Le psychiatre s’amuse de cette ambiguïté et entretient les doutes chez son patient, qui, très troublé par sa fascination grandissante pour les criminels, accepte difficilement que le docteur Lecter s’immisce dans son esprit pour l’analyser (lui aussi devant entrer dans les horribles pensées des tueurs en série !).
L’accumulation de séquences hallucinatoires où se mêlent passages à l’acte des tueurs dans des séquences "à reculons", mais aussi les regards accusateurs des victimes massacrées posés sur Will Graham, font très vite basculer la série dans une ambiance morbide et oppressante... au risque de perdre peu à peu le sens de la réalité.
Après avoir été retrouvés au fil des épisodes, les tueurs en série reviennent hanter le sommeil du jeune profiler dans des cauchemars terrifiants. Son psychiatre et ami, Hannibal Lecter, expliquera à Jack Crawford que toutes ces apparitions provoquent chez son patient, un traumatisme psychologique : Will Graham "est" tous les meurtriers qu’il a traqués.
Le personnage phare de la série n’est donc pas le dr Hannibal Lecter, mais le consultant au FBI, le pathétique et fragile Will Graham. Celui-ci basculera au fil des enquêtes (chaque épisode montre un nouveau tueur en série qui rejoint les autres tueurs dans la vie du profiler), accentuant la force tranquille et l’influence du mystérieux docteur sociopathe. Hannibal Lecter sait prendre son temps pour véritablement peaufiner son "rôle" comme monstre sanguinaire dans le quotidien glauque, voire trash, de son patient (3).

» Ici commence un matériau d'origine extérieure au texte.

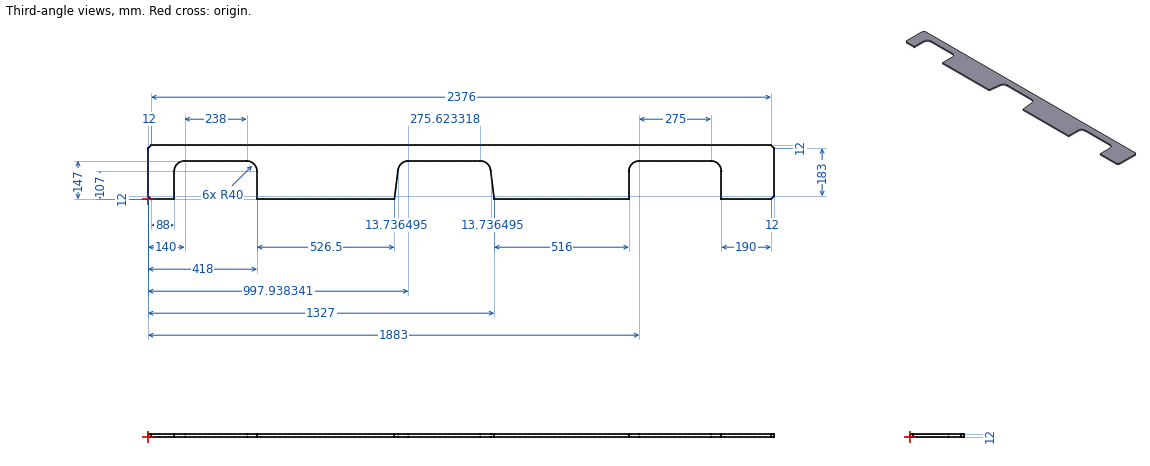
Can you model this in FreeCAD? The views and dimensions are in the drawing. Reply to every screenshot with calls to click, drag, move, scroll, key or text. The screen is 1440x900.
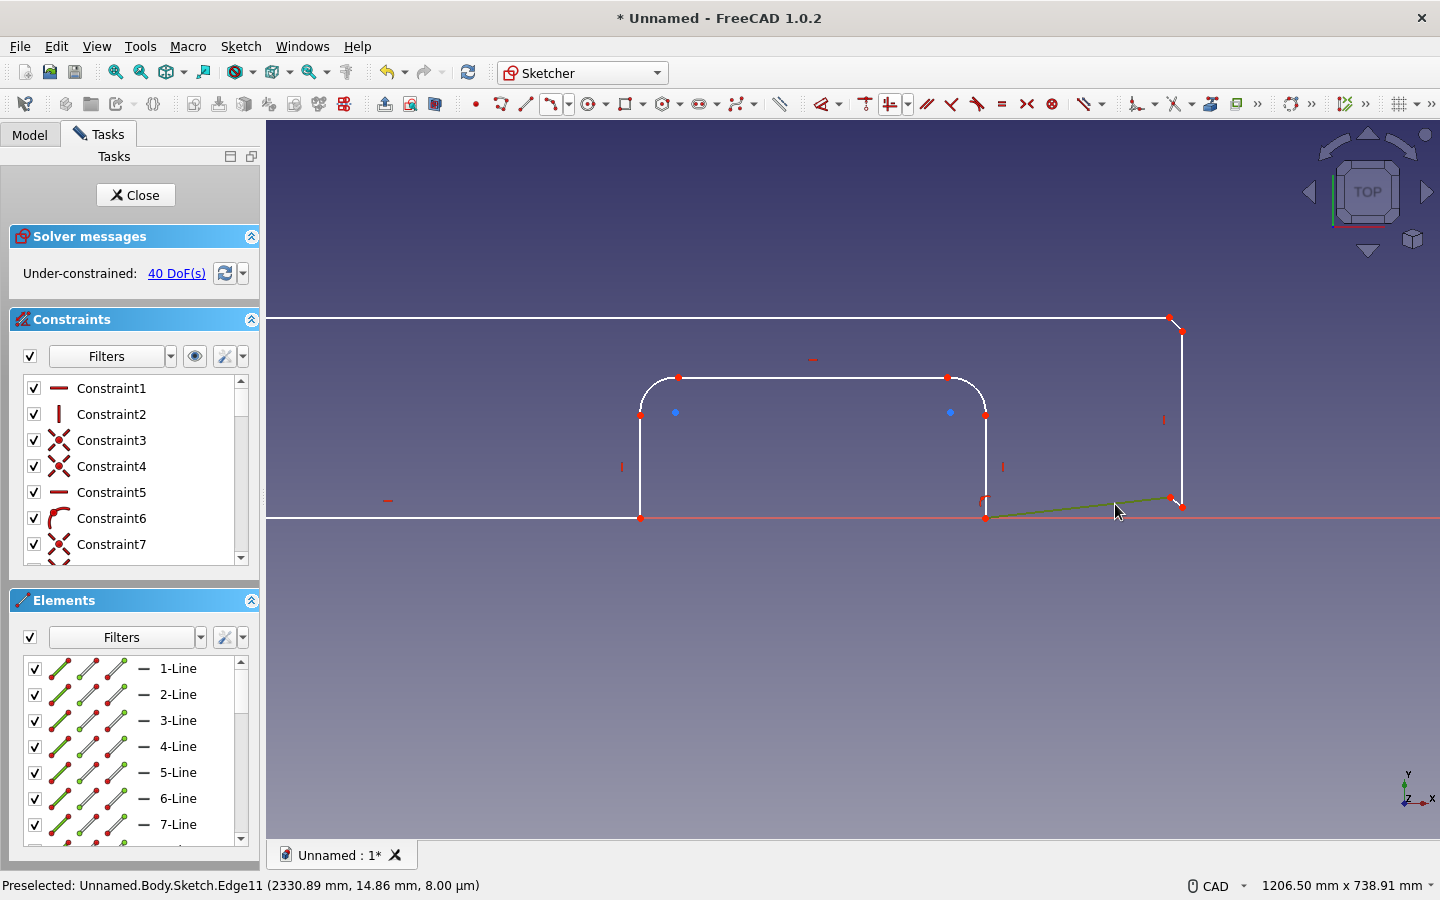
click(908, 104)

Malgré un mouvement d’opposition radicale de la part de téléspectateurs choqués par des scènes gores de plus en plus spectaculaires sur une chaîne grand public (4), ainsi qu’une forte baisse de l’audience, la série Hannibal aura bien une suite l’année prochaine. En attendant vous pouvez découvrir cette série vraiment différente et très dérangeante sur Canal +
(1) Une série procédurale est une une série composée d’épisodes complets ne nécessitant pas de connaître le contexte initial.
(2) Acteur danois habitué aux rôles "différents", il joue le rôle d’un junkie dans le film Pusher, puis il obtient le Prix d’interprétation masculine à Cannes en 2012 pour son rôle d’un instituteur accusé de pédophilie dans le film de Thomas Vinterberg, La Chasse.
(3) Il faudra attendre le septième épisode pour voir le monstre cannibale en action !
(4) Suite aux attentats de Boston en avril dernier, NBC aurait retiré un épisode "litigieux" de sa programmation.